Related AP Macroeconomics Guides
Vocabulary
The following words are mentioned explicitly in the College Board Course and Exam Description for this topic.Term | Definition |
|---|---|
Aggregate Demand curve | A graph showing the relationship between the price level and the quantity of goods and services demanded in an economy at all price levels. |
aggregate quantity of output demanded | The total amount of real output that all buyers in an economy are willing and able to purchase at different price levels. |
aggregate quantity of output supplied | The total amount of real output that all producers in an economy are willing and able to supply at different price levels. |
equilibrium output level | The level of real output at which the quantity demanded equals the quantity supplied in the economy. |
equilibrium price level | The price level at which the quantity of real output demanded equals the quantity of real output supplied. |
full employment | An economic condition where all available labor resources are being used efficiently and unemployment is at its natural rate. |
inflationary output gap | A positive output gap occurring when actual real output exceeds the full-employment level of output, putting upward pressure on prices. |
Long-Run Aggregate Supply curve | A vertical line on a graph representing the maximum sustainable output an economy can produce when all resources are fully employed and wages and prices have fully adjusted. |
long-run equilibrium | The point where the short-run Phillips curve intersects the long-run Phillips curve, representing a stable economic state. |
output gap | The difference between actual output and potential output in an economy. |
Short-Run Aggregate Supply curve | A graph showing the relationship between the price level and the quantity of goods and services supplied in an economy in the short run. |
short-run equilibrium | The point where aggregate demand and short-run aggregate supply intersect, determining the current price level and output in the Phillips curve model. |
Frequently Asked Questions
What is equilibrium in the AD-AS model?
Equilibrium in the AD-AS model is where aggregate demand and short-run aggregate supply intersect. That point gives the short-run equilibrium price level and real output.
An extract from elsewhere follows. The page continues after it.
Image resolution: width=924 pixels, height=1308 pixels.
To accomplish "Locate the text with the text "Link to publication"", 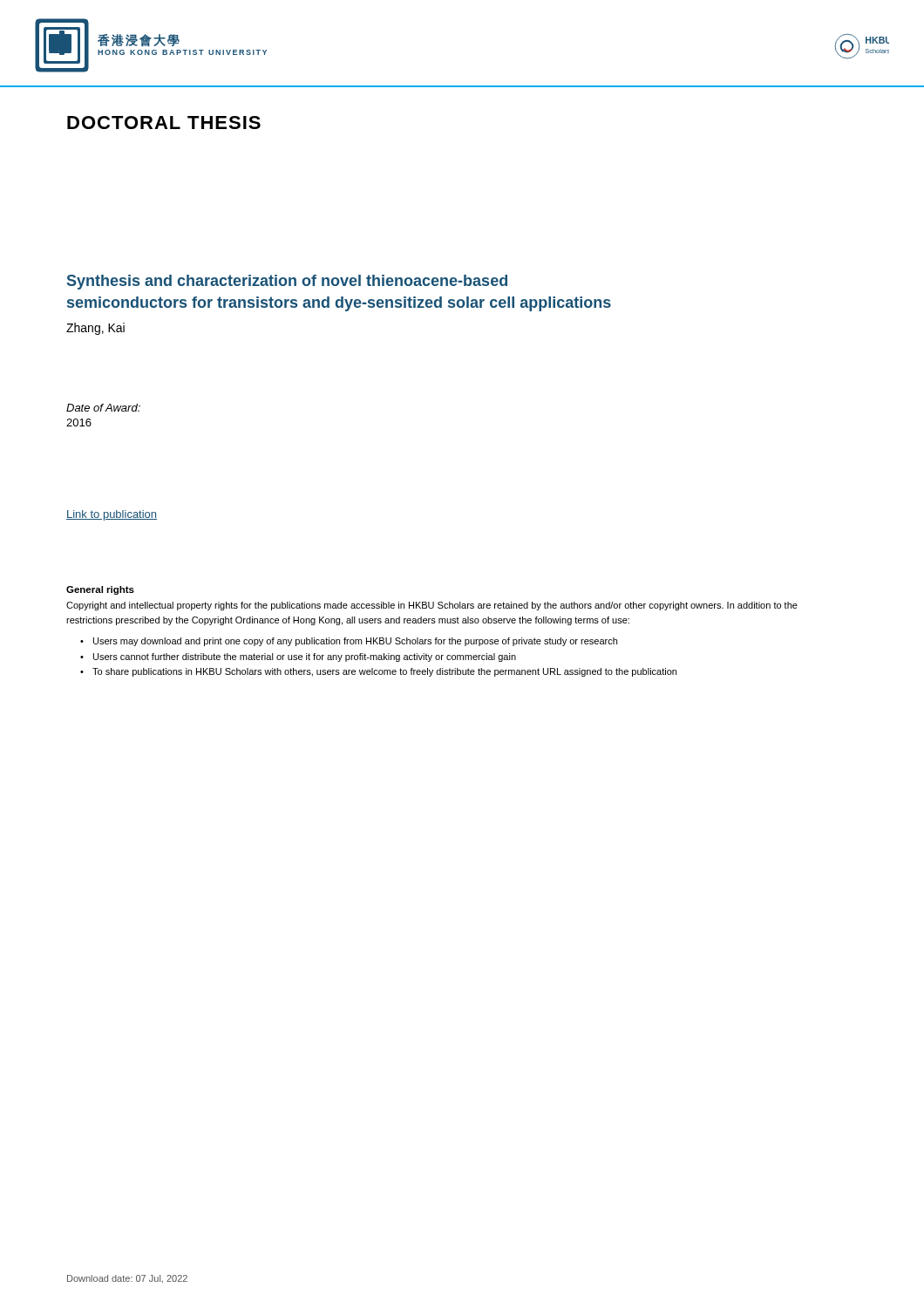I will [x=112, y=514].

What is short-run equilibrium in AD-AS?
Short-run equilibrium occurs where the aggregate quantity of output demanded equals the aggregate quantity of output supplied, shown by the intersection of AD and SRAS.
What is long-run equilibrium in AD-AS?
Long-run equilibrium occurs when AD and SRAS intersect on LRAS at the full-employment level of real output. At that point, current output equals potential output.
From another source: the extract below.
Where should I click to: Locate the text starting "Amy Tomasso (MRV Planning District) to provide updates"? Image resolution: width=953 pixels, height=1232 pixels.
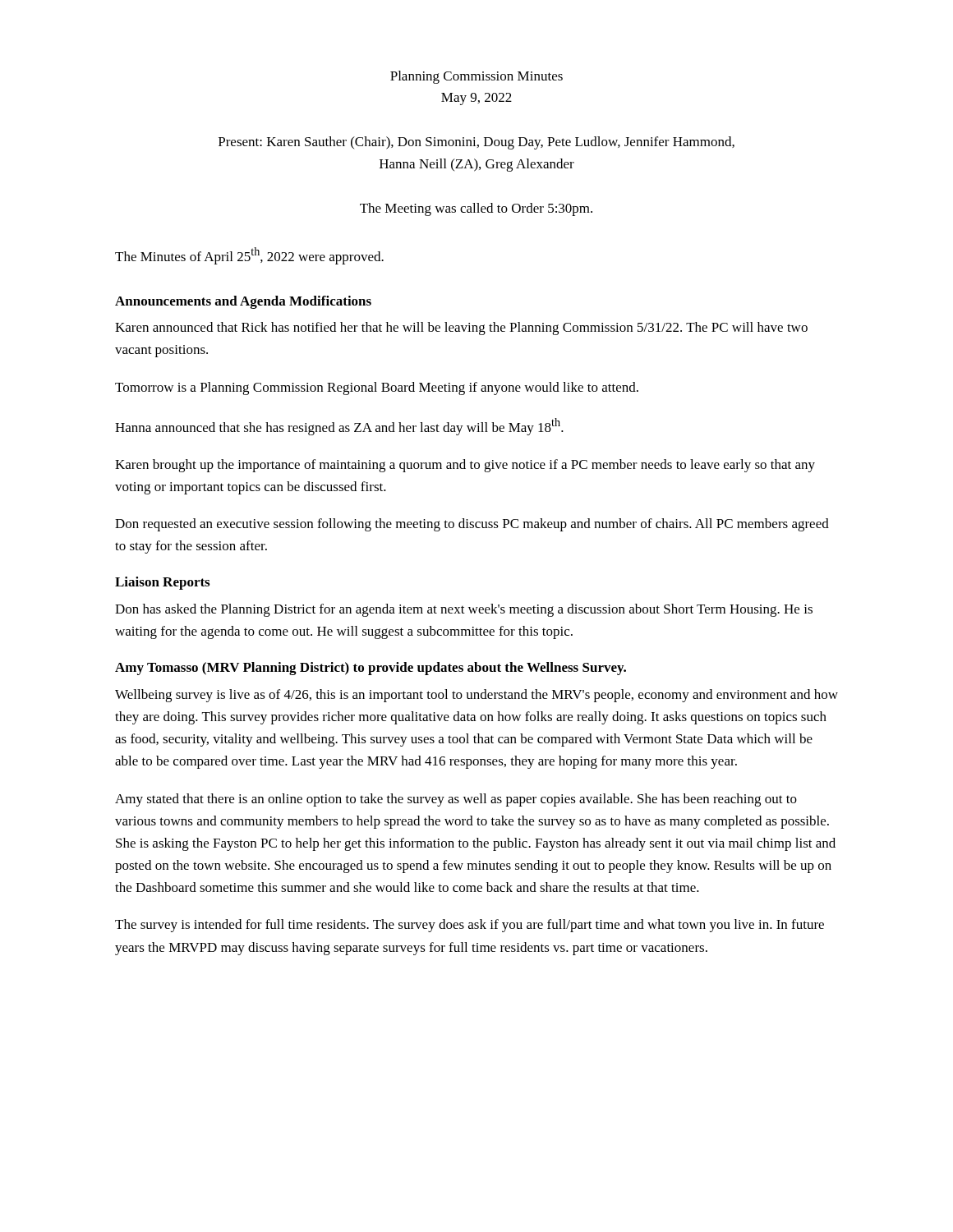click(x=371, y=668)

What is an inflationary output gap?
An inflationary output gap occurs when short-run equilibrium output is above full-employment output, so the AD-SRAS intersection is to the right of LRAS. It is also called a positive output gap.
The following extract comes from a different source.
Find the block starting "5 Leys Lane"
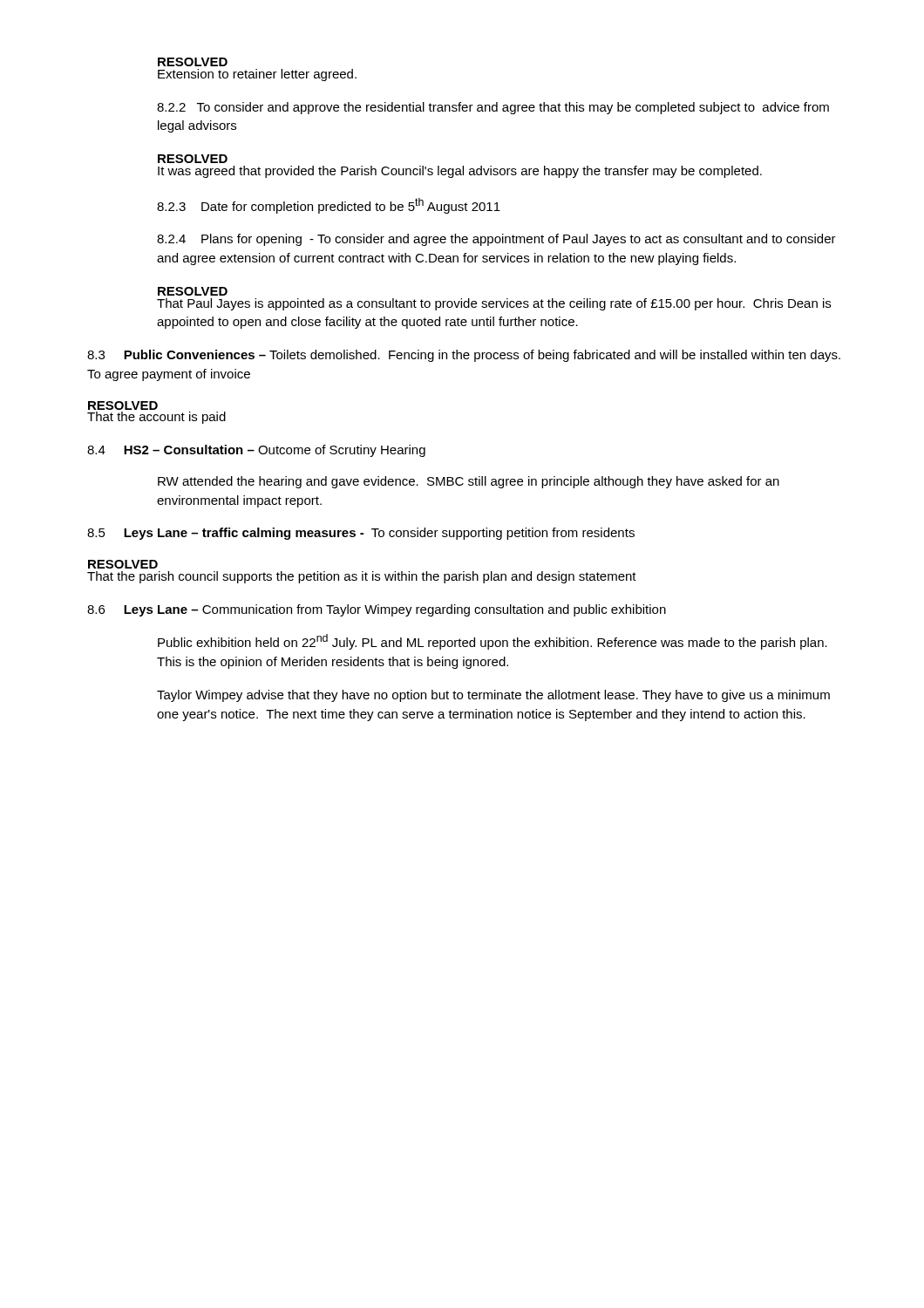(361, 533)

What is a recessionary output gap?
A recessionary output gap occurs when short-run equilibrium output is below full-employment output, so the AD-SRAS intersection is to the left of LRAS. It is also called a negative output gap.
How should I label an AD-AS graph on the AP Macro exam?
Label the vertical axis Price Level and the horizontal axis Real GDP. Show AD, SRAS, and LRAS clearly, then mark the equilibrium price level and output with dashed lines if needed.